There is a new consensus on gay marriage: not on whether it should be legalized but about the motives of those of us who oppose it. All agree that any and all opposition to gay marriage is explained either by biblical literalism or anti-homosexual bigotry. This consensus is brilliantly constructed to be so unflattering to those of us who will vote against gay marriage–if we are allowed to do so–that even biblical literalists and bigots are scrambling out of the trenches and throwing down their weapons.
OK, so we can expect Schulman from here to advance his argument against gay marriage in a way that does not invoke Jesus and does not call gay people “icky.” I’m skeptical that he’ll be able to pull this off, but I’ll be interested to see him try.
When a gay man becomes a professor or a gay woman becomes a police officer, he or she performs the same job as a heterosexual. But there is a difference between a married couple and a same-sex couple in a long-term relationship. The difference is not in the nature of their relationship, not in the fact that lovemaking between men and women is, as the Catholics say, open to life. The difference is between the duties that marriage imposes on married people–not rights, but rather onerous obligations–which do not apply to same-sex love.
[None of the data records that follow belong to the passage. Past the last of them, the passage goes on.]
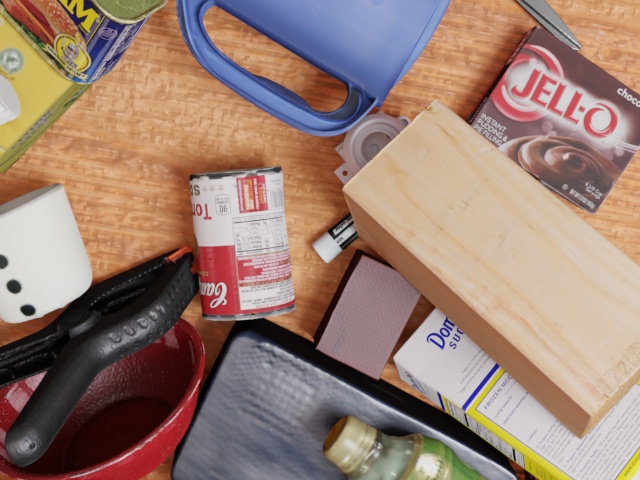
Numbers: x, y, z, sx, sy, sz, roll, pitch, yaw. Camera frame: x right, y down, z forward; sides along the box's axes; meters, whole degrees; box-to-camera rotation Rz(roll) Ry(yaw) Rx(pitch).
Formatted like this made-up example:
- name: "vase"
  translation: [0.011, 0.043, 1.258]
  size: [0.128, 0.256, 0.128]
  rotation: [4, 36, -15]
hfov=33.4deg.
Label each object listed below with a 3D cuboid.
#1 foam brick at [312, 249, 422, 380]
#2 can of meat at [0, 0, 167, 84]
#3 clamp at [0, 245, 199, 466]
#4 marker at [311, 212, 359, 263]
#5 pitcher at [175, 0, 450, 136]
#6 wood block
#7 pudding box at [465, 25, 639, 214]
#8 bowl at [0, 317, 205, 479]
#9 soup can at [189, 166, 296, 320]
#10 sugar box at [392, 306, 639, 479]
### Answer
- name: "foam brick"
  translation: [0.034, 0.052, 0.771]
  size: [0.053, 0.051, 0.078]
  rotation: [27, 94, -3]
- name: "can of meat"
  translation: [-0.158, -0.161, 0.684]
  size: [0.102, 0.084, 0.057]
  rotation: [48, 49, -3]
- name: "clamp"
  translation: [-0.158, 0.071, 0.719]
  size: [0.209, 0.165, 0.036]
  rotation: [-33, 117, -25]
- name: "marker"
  translation: [0.045, -0.029, 0.779]
  size: [0.121, 0.020, 0.020]
  rotation: [-40, 95, 2]
- name: "pitcher"
  translation: [-0.033, -0.191, 0.709]
  size: [0.243, 0.149, 0.145]
  rotation: [28, 136, -1]
- name: "wood block"
  translation: [0.121, 0.018, 0.683]
  size: [0.090, 0.091, 0.206]
  rotation: [-44, 69, -6]
- name: "pudding box"
  translation: [0.172, -0.086, 0.768]
  size: [0.113, 0.039, 0.090]
  rotation: [33, 93, -5]
- name: "bowl"
  translation: [-0.147, 0.120, 0.736]
  size: [0.162, 0.162, 0.055]
  rotation: [-20, 123, 0]
- name: "soup can"
  translation: [-0.055, 0.001, 0.755]
  size: [0.068, 0.068, 0.102]
  rotation: [-5, 95, -2]
- name: "sugar box"
  translation: [0.146, 0.103, 0.732]
  size: [0.176, 0.048, 0.093]
  rotation: [34, 74, 30]
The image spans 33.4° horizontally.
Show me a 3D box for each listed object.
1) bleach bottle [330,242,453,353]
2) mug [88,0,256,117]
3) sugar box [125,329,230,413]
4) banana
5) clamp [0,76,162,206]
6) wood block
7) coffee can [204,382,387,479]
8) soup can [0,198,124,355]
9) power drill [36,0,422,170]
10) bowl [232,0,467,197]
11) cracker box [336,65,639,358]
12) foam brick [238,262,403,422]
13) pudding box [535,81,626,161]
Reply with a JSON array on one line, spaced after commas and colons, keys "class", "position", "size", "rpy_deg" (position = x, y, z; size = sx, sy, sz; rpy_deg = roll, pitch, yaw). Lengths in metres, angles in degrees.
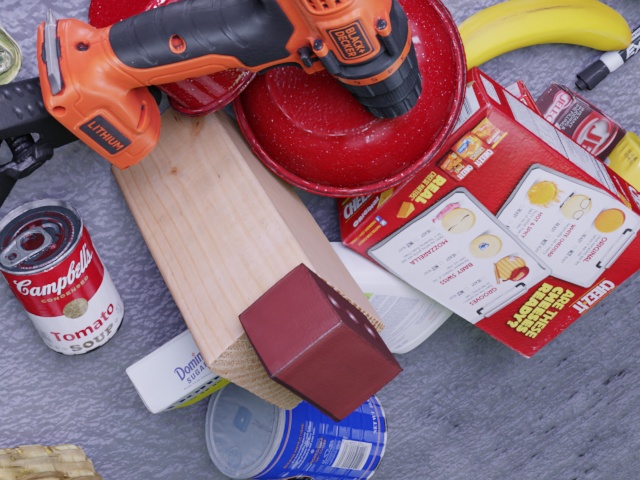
[{"class": "bleach bottle", "position": [0.020, 0.039, 0.876], "size": [0.103, 0.068, 0.250], "rpy_deg": [-48, 149, 18]}, {"class": "mug", "position": [-0.080, -0.144, 0.659], "size": [0.117, 0.093, 0.081], "rpy_deg": [-42, 134, 13]}, {"class": "sugar box", "position": [-0.089, 0.095, 0.848], "size": [0.093, 0.048, 0.176], "rpy_deg": [-33, 176, -1]}, {"class": "banana", "position": [0.171, -0.164, 0.844], "size": [0.197, 0.037, 0.070], "rpy_deg": [-15, 153, -19]}, {"class": "clamp", "position": [-0.172, -0.064, 0.642], "size": [0.164, 0.036, 0.210], "rpy_deg": [-36, 179, -6]}, {"class": "wood block", "position": [-0.055, 0.001, 0.723], "size": [0.090, 0.206, 0.090], "rpy_deg": [-42, 138, 9]}, {"class": "coffee can", "position": [-0.022, 0.174, 0.989], "size": [0.140, 0.103, 0.103], "rpy_deg": [18, 118, -42]}, {"class": "soup can", "position": [-0.188, 0.028, 0.771], "size": [0.068, 0.068, 0.102], "rpy_deg": [-25, 139, -10]}, {"class": "power drill", "position": [-0.044, -0.097, 0.587], "size": [0.188, 0.057, 0.184], "rpy_deg": [-17, 156, 12]}, {"class": "bowl", "position": [0.014, -0.110, 0.695], "size": [0.162, 0.162, 0.055], "rpy_deg": [-39, 173, 6]}, {"class": "cracker box", "position": [0.146, -0.018, 0.860], "size": [0.213, 0.072, 0.164], "rpy_deg": [31, 120, -26]}, {"class": "foam brick", "position": [0.000, 0.060, 0.616], "size": [0.051, 0.053, 0.078], "rpy_deg": [-40, 139, 7]}, {"class": "pudding box", "position": [0.204, -0.075, 0.944], "size": [0.089, 0.039, 0.114], "rpy_deg": [20, 116, -43]}]
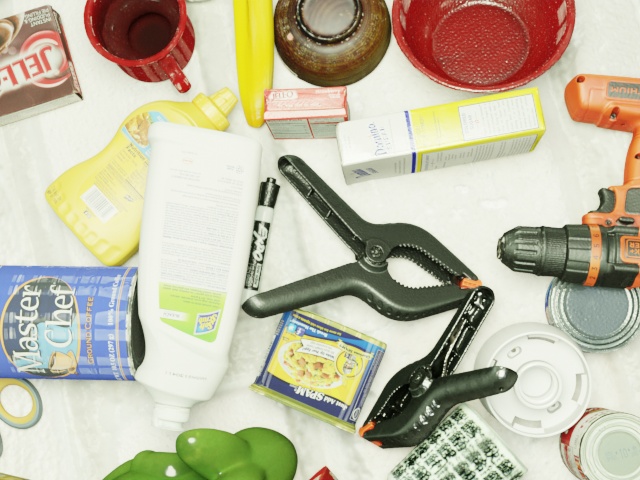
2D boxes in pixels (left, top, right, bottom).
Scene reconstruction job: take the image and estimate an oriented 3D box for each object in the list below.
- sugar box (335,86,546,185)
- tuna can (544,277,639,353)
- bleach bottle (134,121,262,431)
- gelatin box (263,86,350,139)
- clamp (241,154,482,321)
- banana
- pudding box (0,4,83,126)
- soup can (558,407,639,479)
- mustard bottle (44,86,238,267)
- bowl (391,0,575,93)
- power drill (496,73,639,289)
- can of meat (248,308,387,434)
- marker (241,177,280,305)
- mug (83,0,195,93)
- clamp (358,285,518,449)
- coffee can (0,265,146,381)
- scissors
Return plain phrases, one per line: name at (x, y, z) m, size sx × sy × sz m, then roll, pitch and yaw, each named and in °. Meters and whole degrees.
sugar box at (0.103, -0.091, 0.943) m, size 0.176 × 0.093 × 0.048 m, roll -7°, pitch 82°, yaw 3°
tuna can at (0.243, 0.057, 0.944) m, size 0.086 × 0.034 × 0.086 m, roll -1°, pitch 83°, yaw 4°
bleach bottle at (-0.116, 0.033, 0.902) m, size 0.102 × 0.068 × 0.251 m, roll 10°, pitch 85°, yaw -5°
gelatin box at (-0.011, -0.114, 0.955) m, size 0.073 × 0.089 × 0.030 m, roll -1°, pitch 83°, yaw 4°
clamp at (0.040, 0.009, 0.947) m, size 0.209 × 0.036 × 0.164 m, roll 10°, pitch 61°, yaw -11°
banana at (-0.061, -0.206, 0.981) m, size 0.037 × 0.069 × 0.198 m, roll -3°, pitch 82°, yaw 0°
pudding box at (-0.290, -0.161, 1.006) m, size 0.113 × 0.039 × 0.090 m, roll -18°, pitch 83°, yaw 2°
soup can at (0.242, 0.176, 0.895) m, size 0.068 × 0.102 × 0.068 m, roll -1°, pitch 83°, yaw 4°
mustard bottle at (-0.151, -0.071, 0.976) m, size 0.191 × 0.058 × 0.096 m, roll -43°, pitch 83°, yaw -2°
bowl at (0.145, -0.192, 0.961) m, size 0.162 × 0.055 × 0.162 m, roll -2°, pitch 68°, yaw 6°
power drill at (0.248, -0.049, 0.926) m, size 0.184 × 0.057 × 0.187 m, roll 6°, pitch 72°, yaw 1°
can of meat at (-0.001, 0.112, 0.944) m, size 0.102 × 0.057 × 0.084 m, roll 22°, pitch 83°, yaw 7°
marker at (-0.056, 0.001, 0.980) m, size 0.020 × 0.020 × 0.121 m, roll 10°, pitch 84°, yaw 5°
mug at (-0.154, -0.184, 0.978) m, size 0.093 × 0.081 × 0.117 m, roll -37°, pitch 82°, yaw -1°
clamp at (0.100, 0.127, 0.904) m, size 0.039 × 0.120 × 0.172 m, roll 33°, pitch 109°, yaw -17°
coffee can at (-0.224, 0.072, 0.941) m, size 0.140 × 0.103 × 0.103 m, roll 1°, pitch 83°, yaw 4°
scissors at (-0.323, 0.107, 0.988) m, size 0.096 × 0.016 × 0.202 m, roll -20°, pitch 82°, yaw 0°
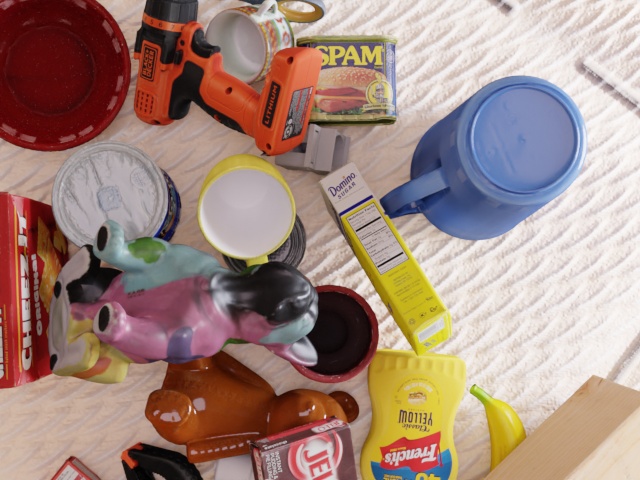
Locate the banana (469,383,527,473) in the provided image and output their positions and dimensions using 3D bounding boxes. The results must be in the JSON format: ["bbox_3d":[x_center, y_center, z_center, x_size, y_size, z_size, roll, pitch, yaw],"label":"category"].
[{"bbox_3d":[0.170,0.244,1.065,0.069,0.037,0.198,7,88,6],"label":"banana"}]

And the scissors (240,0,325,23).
[{"bbox_3d":[-0.082,-0.241,1.075,0.202,0.096,0.016,-3,66,28],"label":"scissors"}]

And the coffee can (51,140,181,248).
[{"bbox_3d":[-0.189,-0.035,1.010,0.103,0.140,0.103,0,88,-2],"label":"coffee can"}]

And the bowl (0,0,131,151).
[{"bbox_3d":[-0.267,-0.168,1.047,0.162,0.055,0.162,-1,95,-9],"label":"bowl"}]

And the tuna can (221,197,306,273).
[{"bbox_3d":[-0.057,0.001,1.066,0.086,0.034,0.086,0,88,-2],"label":"tuna can"}]

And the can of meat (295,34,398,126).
[{"bbox_3d":[0.027,-0.158,1.064,0.102,0.057,0.084,-1,90,-2],"label":"can of meat"}]

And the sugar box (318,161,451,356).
[{"bbox_3d":[0.061,0.018,1.015,0.048,0.093,0.176,-32,69,-4],"label":"sugar box"}]

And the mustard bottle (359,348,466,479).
[{"bbox_3d":[0.088,0.206,1.052,0.096,0.058,0.191,5,88,-2],"label":"mustard bottle"}]

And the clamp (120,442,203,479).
[{"bbox_3d":[-0.133,0.272,1.040,0.172,0.039,0.120,36,104,19],"label":"clamp"}]

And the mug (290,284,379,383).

If I’m interpreting this correctly, Schulman is arguing that gay people aren’t miserable enough to be properly married as straight people are. I wonder how Schulman’s wife feels about the fact that he’s finding himself envious of gay couples.
The relationship between a same-sex couple, though it involves the enviable joy of living forever with one’s soulmate, loyalty, fidelity, warmth, a happy home, shopping, and parenting, is not the same as marriage between a man and a woman, though they enjoy exactly the same cozy virtues. These qualities are awfully nice, but they are emphatically not what marriage fosters, and, even when they do exist, are only a small part of why marriage evolved and what it does.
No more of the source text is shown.